**What you will do:** Copy each line of the records that includes "axes".

**Records provided:**
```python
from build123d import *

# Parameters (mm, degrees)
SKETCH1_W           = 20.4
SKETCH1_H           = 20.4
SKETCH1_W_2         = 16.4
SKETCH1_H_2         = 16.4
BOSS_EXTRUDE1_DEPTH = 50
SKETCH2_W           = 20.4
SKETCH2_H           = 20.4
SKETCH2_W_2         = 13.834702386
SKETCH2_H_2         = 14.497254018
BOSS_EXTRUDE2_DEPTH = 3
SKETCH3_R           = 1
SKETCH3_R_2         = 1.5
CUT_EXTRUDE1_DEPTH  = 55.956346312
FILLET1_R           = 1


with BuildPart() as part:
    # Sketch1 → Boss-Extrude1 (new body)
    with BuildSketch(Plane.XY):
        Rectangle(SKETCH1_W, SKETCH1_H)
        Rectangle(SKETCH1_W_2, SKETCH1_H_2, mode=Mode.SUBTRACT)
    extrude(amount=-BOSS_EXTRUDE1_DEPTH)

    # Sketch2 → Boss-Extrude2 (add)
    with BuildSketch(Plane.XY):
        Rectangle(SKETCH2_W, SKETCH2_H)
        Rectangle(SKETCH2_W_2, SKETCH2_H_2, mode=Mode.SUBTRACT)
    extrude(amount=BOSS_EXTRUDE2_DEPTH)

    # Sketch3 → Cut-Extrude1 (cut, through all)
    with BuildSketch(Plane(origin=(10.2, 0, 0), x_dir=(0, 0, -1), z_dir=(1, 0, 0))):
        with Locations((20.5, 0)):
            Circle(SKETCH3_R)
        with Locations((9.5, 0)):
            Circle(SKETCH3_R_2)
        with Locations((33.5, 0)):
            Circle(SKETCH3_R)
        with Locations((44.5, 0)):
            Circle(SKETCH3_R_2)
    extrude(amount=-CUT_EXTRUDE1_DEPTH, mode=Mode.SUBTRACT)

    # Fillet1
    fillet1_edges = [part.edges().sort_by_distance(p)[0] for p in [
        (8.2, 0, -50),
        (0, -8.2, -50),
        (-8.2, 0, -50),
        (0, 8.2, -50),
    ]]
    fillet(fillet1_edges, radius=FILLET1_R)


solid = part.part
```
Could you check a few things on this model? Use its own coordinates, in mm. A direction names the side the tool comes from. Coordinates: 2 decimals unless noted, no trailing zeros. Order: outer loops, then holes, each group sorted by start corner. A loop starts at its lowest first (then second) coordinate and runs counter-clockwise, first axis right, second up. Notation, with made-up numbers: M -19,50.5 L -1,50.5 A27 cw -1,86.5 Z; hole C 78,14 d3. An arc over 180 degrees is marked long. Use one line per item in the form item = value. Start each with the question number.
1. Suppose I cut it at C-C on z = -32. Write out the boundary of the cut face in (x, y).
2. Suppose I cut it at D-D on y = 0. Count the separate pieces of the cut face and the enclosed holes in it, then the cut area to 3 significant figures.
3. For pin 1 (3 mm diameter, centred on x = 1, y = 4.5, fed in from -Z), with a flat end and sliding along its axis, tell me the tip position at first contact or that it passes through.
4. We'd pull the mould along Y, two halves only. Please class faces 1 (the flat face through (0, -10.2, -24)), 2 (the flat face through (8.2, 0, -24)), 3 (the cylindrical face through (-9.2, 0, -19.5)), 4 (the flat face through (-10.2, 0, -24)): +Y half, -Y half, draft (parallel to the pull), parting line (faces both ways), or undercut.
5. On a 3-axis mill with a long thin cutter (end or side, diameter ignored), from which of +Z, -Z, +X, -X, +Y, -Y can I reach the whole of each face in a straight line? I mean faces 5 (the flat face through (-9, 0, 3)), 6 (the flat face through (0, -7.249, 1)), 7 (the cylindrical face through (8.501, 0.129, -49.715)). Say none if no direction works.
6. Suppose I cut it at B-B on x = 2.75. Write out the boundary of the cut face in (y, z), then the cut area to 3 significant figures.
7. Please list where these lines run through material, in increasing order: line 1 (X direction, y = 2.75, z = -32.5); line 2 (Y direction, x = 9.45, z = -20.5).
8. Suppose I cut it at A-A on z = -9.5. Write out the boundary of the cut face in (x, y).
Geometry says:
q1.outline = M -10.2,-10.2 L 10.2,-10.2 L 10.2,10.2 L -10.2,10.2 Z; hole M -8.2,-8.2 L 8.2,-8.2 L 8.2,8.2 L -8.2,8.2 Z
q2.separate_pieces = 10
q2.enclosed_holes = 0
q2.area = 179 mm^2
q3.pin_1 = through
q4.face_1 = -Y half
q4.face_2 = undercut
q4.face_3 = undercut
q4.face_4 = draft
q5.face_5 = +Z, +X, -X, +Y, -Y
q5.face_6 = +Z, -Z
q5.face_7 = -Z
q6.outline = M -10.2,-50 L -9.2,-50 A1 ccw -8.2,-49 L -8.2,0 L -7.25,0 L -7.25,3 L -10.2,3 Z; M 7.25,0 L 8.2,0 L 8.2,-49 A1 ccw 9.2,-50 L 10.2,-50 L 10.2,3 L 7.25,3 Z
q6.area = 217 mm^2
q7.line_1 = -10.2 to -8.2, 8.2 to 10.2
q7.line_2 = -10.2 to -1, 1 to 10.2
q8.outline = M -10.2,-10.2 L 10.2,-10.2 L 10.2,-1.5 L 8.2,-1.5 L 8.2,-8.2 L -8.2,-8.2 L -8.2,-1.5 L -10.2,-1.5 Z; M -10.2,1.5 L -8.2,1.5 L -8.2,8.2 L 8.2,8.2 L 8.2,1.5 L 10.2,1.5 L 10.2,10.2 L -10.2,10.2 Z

==

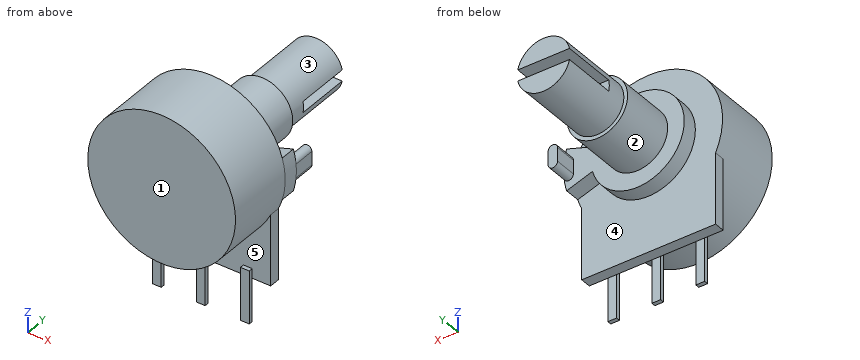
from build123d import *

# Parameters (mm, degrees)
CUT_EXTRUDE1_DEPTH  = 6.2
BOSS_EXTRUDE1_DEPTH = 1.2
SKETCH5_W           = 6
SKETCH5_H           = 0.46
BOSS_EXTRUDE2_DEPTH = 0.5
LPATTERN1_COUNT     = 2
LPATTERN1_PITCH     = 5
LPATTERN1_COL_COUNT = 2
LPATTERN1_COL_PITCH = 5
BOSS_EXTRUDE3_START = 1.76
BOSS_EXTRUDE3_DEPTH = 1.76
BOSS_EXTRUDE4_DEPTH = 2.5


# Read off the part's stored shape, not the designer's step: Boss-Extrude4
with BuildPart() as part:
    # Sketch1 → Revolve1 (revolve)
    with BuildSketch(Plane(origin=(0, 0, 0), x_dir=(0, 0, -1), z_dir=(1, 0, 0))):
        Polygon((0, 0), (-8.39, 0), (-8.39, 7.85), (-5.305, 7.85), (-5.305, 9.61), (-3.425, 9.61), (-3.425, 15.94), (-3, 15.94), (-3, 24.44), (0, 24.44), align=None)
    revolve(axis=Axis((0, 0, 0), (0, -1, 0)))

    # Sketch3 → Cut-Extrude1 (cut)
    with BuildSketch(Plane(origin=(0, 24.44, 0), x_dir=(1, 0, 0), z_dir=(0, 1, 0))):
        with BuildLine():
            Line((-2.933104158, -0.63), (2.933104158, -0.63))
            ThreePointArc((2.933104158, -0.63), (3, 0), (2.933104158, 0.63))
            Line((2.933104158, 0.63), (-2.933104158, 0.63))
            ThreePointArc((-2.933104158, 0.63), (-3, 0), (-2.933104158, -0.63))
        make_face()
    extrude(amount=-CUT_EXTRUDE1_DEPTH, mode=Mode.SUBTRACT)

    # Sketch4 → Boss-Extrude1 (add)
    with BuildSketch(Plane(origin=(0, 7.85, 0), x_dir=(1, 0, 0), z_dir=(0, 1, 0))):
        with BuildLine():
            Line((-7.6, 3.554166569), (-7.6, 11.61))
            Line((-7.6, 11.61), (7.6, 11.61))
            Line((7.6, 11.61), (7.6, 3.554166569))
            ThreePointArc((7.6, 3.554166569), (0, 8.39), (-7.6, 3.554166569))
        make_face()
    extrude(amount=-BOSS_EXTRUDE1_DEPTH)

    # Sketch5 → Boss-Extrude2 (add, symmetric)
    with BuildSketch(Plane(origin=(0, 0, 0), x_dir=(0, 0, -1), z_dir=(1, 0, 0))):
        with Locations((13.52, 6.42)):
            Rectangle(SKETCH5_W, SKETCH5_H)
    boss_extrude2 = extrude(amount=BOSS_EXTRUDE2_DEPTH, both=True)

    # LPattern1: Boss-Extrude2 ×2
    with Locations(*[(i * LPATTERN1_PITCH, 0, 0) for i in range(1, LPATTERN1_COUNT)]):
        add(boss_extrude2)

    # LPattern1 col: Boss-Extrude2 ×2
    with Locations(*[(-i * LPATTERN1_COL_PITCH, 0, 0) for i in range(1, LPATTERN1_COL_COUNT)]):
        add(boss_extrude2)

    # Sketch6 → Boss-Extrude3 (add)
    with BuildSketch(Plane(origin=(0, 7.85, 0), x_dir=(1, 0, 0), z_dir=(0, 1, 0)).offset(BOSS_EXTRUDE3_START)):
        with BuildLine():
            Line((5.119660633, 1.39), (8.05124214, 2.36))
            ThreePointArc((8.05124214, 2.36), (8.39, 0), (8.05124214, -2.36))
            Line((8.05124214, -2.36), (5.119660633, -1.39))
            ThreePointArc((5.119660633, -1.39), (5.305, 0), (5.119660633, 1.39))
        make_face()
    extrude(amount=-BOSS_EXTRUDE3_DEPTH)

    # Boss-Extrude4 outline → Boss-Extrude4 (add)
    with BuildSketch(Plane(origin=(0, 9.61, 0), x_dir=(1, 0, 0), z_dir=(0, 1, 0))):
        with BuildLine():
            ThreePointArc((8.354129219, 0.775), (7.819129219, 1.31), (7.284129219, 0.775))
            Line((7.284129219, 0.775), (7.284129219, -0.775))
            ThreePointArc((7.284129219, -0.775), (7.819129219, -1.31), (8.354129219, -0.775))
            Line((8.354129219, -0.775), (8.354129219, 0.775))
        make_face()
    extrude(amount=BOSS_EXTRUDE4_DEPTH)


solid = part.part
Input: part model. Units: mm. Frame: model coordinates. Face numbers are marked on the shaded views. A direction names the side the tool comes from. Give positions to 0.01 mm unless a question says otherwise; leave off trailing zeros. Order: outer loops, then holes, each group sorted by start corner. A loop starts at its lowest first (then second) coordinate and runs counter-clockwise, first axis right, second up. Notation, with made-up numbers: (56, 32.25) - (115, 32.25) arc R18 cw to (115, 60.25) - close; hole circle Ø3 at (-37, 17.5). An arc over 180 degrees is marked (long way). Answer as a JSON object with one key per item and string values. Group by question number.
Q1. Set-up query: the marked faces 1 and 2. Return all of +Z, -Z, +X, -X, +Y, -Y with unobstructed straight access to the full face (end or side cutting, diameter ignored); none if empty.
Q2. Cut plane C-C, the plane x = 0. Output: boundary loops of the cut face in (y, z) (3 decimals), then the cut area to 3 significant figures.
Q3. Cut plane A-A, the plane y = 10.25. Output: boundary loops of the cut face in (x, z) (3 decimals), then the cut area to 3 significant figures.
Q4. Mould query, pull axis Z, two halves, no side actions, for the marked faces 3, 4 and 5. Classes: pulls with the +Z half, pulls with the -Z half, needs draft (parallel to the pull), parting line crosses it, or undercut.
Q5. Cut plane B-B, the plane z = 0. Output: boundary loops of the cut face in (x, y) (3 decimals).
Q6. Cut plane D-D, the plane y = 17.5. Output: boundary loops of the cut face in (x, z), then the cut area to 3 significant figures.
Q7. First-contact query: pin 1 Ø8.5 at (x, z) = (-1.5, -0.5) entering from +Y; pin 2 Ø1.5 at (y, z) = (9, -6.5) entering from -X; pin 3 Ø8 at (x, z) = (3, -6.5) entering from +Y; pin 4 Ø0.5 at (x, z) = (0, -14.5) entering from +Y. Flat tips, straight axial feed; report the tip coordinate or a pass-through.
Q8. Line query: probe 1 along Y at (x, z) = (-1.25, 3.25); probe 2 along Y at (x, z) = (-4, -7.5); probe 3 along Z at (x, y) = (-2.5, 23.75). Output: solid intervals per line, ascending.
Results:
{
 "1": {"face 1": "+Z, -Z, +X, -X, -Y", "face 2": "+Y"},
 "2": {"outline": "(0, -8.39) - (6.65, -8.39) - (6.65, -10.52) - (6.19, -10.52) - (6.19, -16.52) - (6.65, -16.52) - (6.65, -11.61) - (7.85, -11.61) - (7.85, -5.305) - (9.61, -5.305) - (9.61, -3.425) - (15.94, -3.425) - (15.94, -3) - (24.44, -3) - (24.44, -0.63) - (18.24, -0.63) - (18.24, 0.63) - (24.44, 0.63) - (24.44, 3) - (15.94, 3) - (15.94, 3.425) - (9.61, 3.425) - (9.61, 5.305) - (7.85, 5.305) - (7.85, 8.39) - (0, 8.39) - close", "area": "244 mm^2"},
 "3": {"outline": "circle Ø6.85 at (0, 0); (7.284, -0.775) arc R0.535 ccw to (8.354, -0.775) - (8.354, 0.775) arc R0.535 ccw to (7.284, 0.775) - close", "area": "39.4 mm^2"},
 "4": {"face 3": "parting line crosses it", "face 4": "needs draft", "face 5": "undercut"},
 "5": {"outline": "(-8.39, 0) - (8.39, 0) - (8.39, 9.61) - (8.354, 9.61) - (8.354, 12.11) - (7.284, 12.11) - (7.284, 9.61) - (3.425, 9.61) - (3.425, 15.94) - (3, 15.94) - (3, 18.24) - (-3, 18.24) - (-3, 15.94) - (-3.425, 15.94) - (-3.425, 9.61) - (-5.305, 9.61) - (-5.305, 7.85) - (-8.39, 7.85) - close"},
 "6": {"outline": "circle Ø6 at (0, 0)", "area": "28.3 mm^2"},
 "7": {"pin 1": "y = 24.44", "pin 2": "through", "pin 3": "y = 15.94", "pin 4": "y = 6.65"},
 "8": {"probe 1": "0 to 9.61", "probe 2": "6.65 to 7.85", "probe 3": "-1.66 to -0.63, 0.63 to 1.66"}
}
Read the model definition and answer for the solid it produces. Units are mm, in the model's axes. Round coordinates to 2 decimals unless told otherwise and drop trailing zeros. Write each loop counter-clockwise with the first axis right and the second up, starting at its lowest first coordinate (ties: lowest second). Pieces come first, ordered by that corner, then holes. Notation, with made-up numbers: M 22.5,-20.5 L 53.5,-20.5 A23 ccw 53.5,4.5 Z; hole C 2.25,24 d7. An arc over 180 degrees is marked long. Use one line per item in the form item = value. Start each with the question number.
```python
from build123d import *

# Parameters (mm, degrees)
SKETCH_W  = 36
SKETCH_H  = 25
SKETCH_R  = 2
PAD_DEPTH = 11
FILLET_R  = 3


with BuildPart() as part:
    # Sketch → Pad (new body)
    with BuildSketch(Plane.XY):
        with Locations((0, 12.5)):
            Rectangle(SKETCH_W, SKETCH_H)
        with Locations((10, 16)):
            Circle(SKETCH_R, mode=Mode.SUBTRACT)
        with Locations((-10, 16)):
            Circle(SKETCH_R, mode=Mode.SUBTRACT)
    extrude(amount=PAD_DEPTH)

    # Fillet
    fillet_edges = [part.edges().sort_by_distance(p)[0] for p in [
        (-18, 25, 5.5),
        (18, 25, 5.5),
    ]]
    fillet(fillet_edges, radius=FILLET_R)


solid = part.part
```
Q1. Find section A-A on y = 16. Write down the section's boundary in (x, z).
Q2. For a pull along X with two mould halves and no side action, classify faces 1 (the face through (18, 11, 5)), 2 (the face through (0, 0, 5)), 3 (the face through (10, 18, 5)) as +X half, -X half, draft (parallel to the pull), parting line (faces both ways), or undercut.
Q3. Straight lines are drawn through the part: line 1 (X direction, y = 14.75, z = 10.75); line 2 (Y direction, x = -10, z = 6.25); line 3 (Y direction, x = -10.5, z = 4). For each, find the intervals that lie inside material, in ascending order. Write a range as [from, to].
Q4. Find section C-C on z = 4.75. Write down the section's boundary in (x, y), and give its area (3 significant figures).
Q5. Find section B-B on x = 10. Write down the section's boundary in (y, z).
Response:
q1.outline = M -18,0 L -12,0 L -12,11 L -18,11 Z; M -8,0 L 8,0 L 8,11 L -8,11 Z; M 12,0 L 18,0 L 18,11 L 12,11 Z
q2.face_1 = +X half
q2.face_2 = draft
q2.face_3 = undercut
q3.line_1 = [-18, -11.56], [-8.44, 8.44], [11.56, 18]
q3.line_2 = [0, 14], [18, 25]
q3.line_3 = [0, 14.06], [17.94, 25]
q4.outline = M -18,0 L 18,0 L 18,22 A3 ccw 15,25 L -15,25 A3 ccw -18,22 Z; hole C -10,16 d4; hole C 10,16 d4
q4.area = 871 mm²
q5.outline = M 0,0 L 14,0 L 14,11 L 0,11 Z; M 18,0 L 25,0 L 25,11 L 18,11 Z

==

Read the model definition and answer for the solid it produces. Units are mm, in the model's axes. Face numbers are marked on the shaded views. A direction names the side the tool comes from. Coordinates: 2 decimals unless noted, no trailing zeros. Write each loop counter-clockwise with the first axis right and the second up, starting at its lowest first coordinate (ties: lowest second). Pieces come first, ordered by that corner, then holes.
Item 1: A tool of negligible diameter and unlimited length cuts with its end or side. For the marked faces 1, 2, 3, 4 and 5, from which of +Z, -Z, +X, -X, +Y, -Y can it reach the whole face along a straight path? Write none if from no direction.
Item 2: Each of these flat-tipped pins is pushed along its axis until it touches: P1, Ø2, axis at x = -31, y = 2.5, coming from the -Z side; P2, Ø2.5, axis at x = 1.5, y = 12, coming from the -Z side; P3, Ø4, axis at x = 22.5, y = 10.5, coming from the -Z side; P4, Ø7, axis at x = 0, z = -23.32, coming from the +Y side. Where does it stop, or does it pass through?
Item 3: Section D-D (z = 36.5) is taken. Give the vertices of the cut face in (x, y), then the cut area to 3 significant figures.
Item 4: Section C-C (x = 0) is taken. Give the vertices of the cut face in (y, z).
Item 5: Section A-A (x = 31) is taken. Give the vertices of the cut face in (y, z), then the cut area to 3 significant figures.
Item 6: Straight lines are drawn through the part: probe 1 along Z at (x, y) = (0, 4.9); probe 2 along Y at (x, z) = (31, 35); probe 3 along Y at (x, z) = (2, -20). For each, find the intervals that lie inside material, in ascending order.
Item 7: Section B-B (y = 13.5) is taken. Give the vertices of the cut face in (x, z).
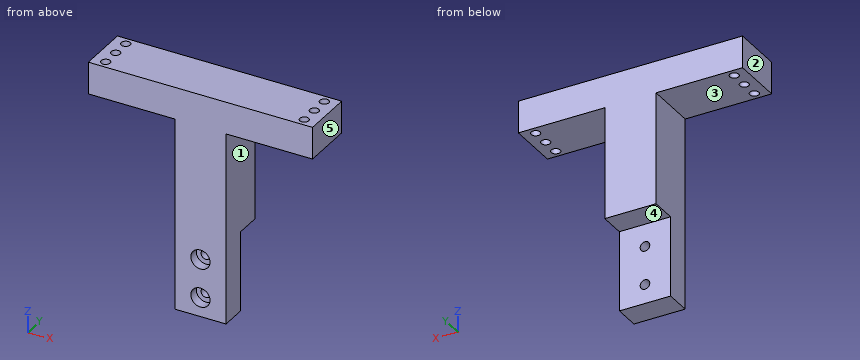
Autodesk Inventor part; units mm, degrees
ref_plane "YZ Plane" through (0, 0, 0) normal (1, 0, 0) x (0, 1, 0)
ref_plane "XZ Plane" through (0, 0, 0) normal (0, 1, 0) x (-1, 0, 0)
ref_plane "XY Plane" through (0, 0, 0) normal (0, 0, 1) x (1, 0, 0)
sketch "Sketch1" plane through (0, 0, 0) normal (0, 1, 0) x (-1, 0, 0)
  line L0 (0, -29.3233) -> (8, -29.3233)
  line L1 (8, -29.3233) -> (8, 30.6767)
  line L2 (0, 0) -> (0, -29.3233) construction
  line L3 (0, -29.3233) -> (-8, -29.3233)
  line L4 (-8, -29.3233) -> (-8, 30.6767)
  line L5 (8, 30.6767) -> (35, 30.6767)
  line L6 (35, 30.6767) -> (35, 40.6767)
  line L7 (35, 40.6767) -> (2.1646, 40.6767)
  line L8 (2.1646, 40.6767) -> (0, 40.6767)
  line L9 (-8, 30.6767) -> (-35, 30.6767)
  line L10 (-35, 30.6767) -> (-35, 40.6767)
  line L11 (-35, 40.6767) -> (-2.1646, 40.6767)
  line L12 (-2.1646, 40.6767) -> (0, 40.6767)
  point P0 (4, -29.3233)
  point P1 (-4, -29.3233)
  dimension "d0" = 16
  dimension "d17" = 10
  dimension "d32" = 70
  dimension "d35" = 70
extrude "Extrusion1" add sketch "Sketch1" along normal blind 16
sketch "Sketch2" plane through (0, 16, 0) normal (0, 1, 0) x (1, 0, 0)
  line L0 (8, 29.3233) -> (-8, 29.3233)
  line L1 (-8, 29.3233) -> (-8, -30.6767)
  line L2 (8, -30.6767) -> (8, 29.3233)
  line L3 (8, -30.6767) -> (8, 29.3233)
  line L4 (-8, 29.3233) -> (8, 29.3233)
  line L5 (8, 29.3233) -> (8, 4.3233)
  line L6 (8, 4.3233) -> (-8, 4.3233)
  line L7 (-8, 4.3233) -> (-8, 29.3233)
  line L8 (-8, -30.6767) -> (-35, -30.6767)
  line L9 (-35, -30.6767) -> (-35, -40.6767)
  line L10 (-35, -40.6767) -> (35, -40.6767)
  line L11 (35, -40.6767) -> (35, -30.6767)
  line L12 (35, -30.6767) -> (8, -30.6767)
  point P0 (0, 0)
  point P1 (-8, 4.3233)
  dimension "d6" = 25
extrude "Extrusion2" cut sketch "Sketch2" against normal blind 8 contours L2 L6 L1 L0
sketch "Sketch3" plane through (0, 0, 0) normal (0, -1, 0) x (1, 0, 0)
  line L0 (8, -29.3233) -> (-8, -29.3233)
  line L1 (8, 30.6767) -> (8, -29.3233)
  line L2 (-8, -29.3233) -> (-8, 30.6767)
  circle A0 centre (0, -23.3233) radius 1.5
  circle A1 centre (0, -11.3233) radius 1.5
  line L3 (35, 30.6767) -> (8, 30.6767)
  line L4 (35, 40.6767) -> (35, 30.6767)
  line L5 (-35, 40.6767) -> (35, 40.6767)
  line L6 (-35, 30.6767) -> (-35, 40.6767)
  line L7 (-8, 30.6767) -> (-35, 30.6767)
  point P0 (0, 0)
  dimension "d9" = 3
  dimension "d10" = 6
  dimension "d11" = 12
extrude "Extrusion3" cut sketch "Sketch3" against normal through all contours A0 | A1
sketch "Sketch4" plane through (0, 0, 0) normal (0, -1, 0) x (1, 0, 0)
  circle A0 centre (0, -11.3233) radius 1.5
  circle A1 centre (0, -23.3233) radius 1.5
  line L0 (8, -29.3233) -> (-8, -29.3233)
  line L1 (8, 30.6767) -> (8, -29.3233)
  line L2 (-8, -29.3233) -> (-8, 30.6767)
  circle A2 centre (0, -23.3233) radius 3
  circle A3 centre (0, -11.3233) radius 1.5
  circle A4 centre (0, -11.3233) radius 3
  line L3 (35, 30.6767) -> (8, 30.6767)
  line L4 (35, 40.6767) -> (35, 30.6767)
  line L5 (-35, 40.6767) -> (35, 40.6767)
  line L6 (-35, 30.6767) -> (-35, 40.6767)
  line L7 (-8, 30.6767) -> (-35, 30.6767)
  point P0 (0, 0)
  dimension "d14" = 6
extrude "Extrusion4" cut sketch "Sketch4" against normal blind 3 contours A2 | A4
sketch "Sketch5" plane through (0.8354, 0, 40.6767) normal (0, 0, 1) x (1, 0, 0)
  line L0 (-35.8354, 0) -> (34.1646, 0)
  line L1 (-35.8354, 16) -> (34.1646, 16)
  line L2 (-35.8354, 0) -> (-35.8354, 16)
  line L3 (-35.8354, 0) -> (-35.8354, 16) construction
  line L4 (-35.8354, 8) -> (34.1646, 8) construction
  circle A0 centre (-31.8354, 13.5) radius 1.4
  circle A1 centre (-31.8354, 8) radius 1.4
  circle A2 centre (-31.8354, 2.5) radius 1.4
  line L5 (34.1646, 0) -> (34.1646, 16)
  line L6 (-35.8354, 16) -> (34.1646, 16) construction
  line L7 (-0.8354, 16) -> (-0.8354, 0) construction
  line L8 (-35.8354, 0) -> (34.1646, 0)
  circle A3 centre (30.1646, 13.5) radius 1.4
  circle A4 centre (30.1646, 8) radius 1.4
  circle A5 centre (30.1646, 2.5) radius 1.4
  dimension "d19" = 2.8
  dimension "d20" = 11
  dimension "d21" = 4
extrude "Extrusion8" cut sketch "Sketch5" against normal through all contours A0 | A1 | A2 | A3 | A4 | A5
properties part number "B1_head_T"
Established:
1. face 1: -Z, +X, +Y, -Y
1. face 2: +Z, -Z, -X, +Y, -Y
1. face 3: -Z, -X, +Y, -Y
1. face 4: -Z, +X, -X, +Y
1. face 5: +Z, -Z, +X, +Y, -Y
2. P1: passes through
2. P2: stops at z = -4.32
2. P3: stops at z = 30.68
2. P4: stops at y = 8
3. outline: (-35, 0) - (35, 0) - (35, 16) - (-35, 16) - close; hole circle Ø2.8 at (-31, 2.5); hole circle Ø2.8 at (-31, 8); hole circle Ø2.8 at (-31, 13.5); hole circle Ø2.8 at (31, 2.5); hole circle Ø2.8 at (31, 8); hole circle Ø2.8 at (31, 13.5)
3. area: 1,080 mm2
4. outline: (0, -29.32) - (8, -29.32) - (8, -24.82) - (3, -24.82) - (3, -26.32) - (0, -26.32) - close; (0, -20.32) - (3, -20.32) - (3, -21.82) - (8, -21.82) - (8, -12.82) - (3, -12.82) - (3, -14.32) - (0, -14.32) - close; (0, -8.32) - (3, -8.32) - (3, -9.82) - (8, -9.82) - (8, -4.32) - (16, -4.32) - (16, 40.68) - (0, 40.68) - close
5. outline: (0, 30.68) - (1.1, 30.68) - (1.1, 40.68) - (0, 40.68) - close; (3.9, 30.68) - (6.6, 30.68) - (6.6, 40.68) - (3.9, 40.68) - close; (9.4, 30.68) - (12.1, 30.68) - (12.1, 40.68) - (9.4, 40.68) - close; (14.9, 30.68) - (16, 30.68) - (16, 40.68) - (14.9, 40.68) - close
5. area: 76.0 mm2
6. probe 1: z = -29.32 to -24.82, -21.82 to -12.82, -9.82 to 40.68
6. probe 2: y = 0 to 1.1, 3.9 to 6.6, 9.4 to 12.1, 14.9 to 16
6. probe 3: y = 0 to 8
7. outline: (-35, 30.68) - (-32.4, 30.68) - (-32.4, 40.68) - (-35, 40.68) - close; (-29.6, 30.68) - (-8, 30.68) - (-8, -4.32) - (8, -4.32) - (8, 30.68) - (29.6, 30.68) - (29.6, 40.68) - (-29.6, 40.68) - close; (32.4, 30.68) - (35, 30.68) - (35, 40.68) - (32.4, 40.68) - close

**Expected answer:**
Read the model definition and answer for the solid it produces. Units are mm, in the model's axes. Round coordinates to 2 decimals unless told otherwise and drop trailing zeros. Write each loop counter-clockwise with the first axis right and the second up, starting at its lowest first coordinate (ties: lowest second). Pieces come first, ordered by that corner, then holes. Notation, with made-up numbers: M 22.5,-20.5 L 53.5,-20.5 A23 ccw 53.5,4.5 Z; hole C 2.25,24 d7. An arc over 180 degrees is marked long. Use one line per item in the form item = value. Start each with the question number.
Read the model definition and answer for the solid it produces. Units are mm, in the model's axes. Face numbers are marked on the shaded views. A direction names the side the tool comes from. Coordinates: 2 decimals unless noted, no trailing zeros. Write each loop counter-clockwise with the first axis right and the second up, starting at its lowest first coordinate (ties: lowest second). Pieces come first, ordered by that corner, then holes.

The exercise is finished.